Latin American nations join and uphold treaties as well or better than anywhere else on Earth. They have no nuclear, chemical, or biological weapons -- despite having U.S. military bases. Only Brazil exports weapons and the amount is relatively tiny. Since 2014 in Havana, the over 30 member states of the Community of Latin American and Caribbean States have been bound by a Declaration of a Zone of Peace.
In 2019, AMLO rejected a proposal from then-U.S. President Trump for a joint war against drug dealers, proposing in the process the abolition of war:
"The worst that could be, the worst thing we could see, would be war. Those who have read about war, or those who have suffered from a war, know what war means. War is the opposite of politics. I have always said that politics was invented to avoid war. War is synonymous with irrationality. War is irrational. We are for peace. Peace is a principle of this new government.

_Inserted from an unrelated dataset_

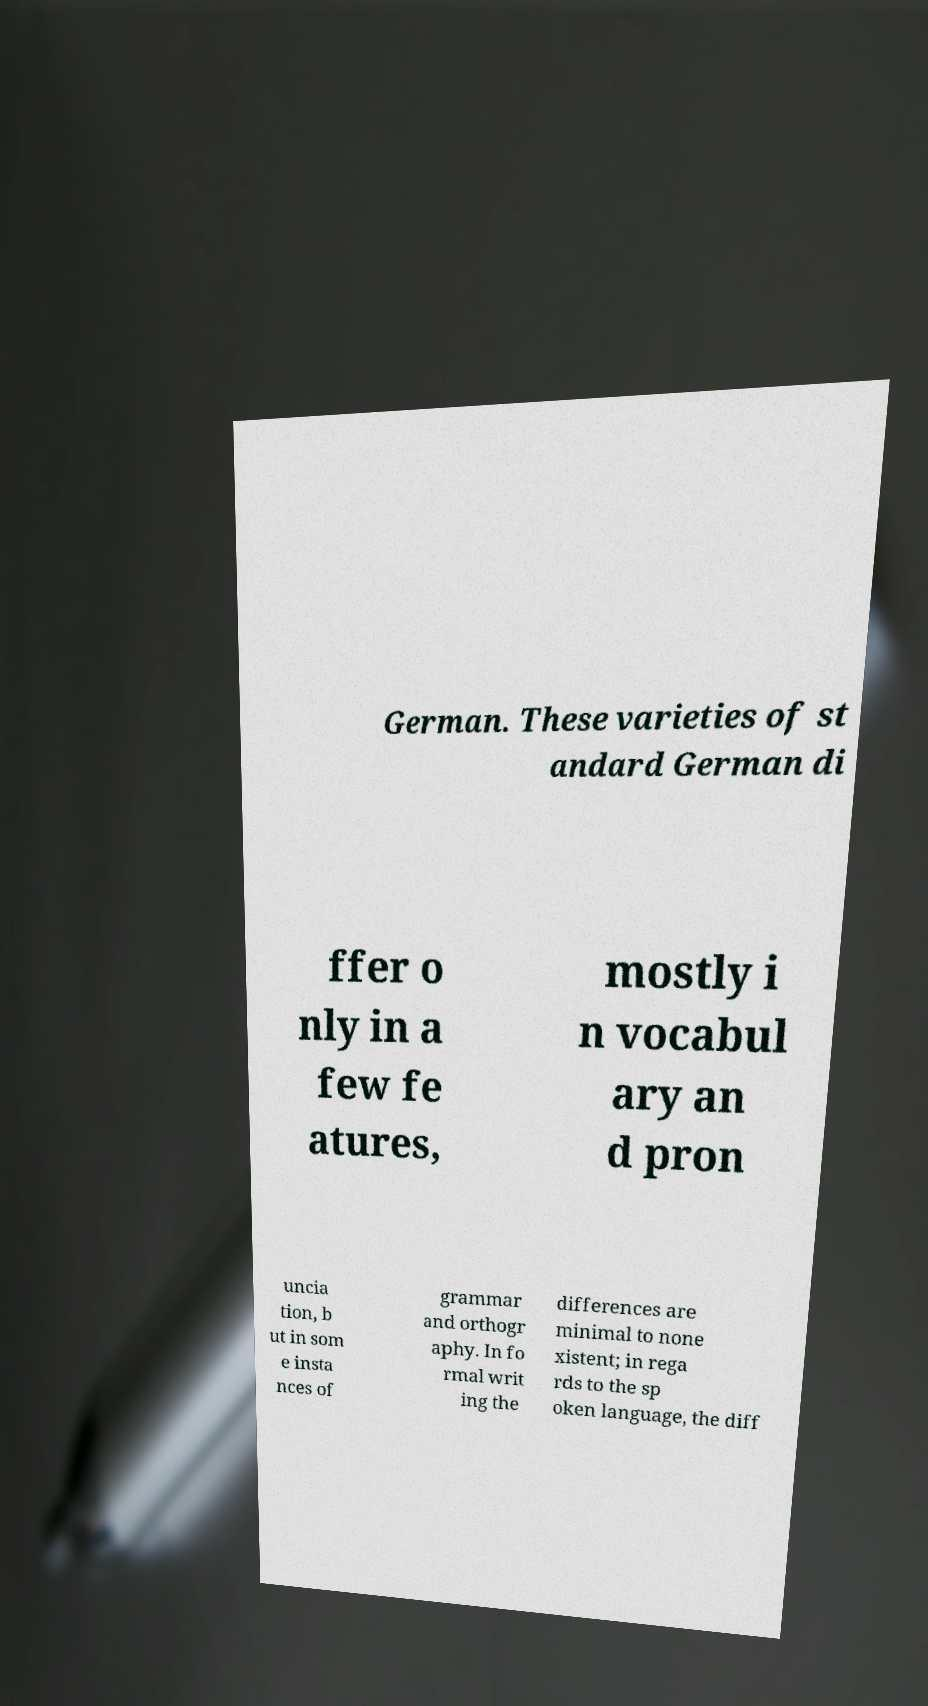Please identify and transcribe the text found in this image. German. These varieties of st andard German di ffer o nly in a few fe atures, mostly i n vocabul ary an d pron uncia tion, b ut in som e insta nces of grammar and orthogr aphy. In fo rmal writ ing the differences are minimal to none xistent; in rega rds to the sp oken language, the diff

Authoritarians have no place in this government that I represent. It should be written out 100 times as punishment: we declared war and it did not work. That is not an option. That strategy failed. We will not be a part of that. . . . Killing is not intelligence, which requires more than brute force."
It's one thing to say you oppose war. It's another entirely to be placed in a situation in which many would tell you that war is the only option and use a superior option instead. Leading the way in demonstrating this wiser course is Latin America. On this slide is a list of examples.

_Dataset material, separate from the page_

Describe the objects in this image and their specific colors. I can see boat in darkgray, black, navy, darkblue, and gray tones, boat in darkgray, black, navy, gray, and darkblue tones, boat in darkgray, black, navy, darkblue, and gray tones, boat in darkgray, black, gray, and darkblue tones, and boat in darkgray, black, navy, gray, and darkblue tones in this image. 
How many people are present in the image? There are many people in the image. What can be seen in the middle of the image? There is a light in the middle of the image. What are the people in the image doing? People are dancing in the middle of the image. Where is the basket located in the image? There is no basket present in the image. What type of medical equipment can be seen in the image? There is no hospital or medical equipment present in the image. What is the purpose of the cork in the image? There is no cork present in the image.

Latin America offers numerous innovative models to learn from and develop, including many indigenous societies living sustainably and peacefully, including the Zapatistas using largely and increasingly nonviolent activism to advance democratic and socialist ends, and including the example of Costa Rica abolishing its military, placing that military in a museum where it belongs, and being the better off for it.
Latin America also offers models for something that is badly needed for the Monroe Doctrine: a truth and reconciliation commission.
Latin American nations, despite Colombia's partnership with NATO (unaltered apparently by its new government), have not been eager to join in a U.S.- and NATO-backed war between Ukraine and Russia, or to condemn or financially sanction only one side of it.
The task before the United States is to end its Monroe Doctrine, and to end it not only in Latin America but globally, and to not only end it but to replace it with the positive actions of joining the world as a law-abiding member, upholding the rule of international law, and cooperating on nuclear disarmament, environmental protection, disease epidemics, homelessness, and poverty. The Monroe Doctrine was never a law, and laws now in place forbid it. There's nothing to be repealed or enacted. What's needed is simply the sort of decent behavior that U.S. politicians increasingly pretend they're already engaged in.